ACTIVITY: In the records that follow, find each line with "bounding" and pull it out.

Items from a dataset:

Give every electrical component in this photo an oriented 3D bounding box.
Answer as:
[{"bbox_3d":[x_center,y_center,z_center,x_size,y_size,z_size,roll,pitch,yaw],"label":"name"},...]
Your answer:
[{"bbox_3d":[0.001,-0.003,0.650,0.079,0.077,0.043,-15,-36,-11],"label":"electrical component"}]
--
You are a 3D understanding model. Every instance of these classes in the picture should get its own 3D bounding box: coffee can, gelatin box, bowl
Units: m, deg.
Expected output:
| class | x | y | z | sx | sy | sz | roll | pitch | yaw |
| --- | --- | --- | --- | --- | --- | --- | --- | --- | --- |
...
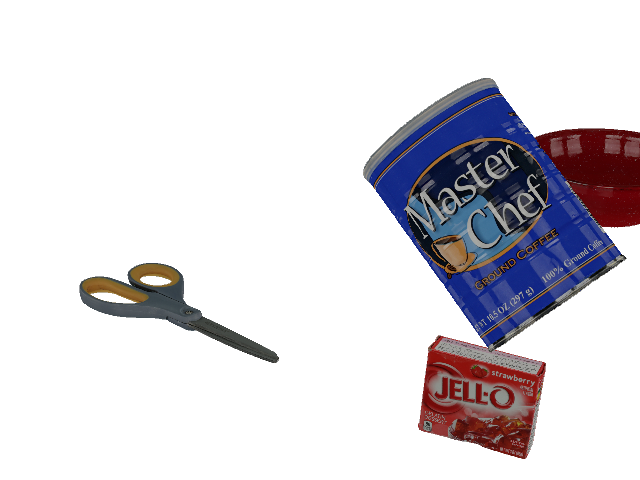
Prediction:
==
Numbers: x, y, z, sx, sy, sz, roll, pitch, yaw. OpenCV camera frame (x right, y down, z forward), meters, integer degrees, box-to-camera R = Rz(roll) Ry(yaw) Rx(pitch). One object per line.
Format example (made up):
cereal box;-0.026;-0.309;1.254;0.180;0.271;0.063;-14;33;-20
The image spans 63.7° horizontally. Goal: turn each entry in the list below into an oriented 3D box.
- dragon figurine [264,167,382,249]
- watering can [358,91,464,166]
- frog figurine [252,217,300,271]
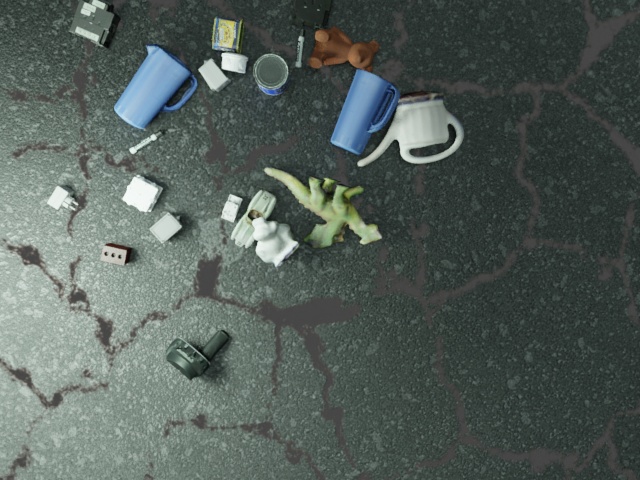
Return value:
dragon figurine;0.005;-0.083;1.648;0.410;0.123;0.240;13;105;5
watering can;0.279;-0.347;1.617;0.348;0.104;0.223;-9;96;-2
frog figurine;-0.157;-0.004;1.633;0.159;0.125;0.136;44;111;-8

ANSWER FOR THE TASK:
Give every electrical component in this photo an oriented 3D bounding box.
You are a 3D understanding model. Every instance of these classes in the picture should get its own 3D bounding box: coffee can, gelatin box, bowl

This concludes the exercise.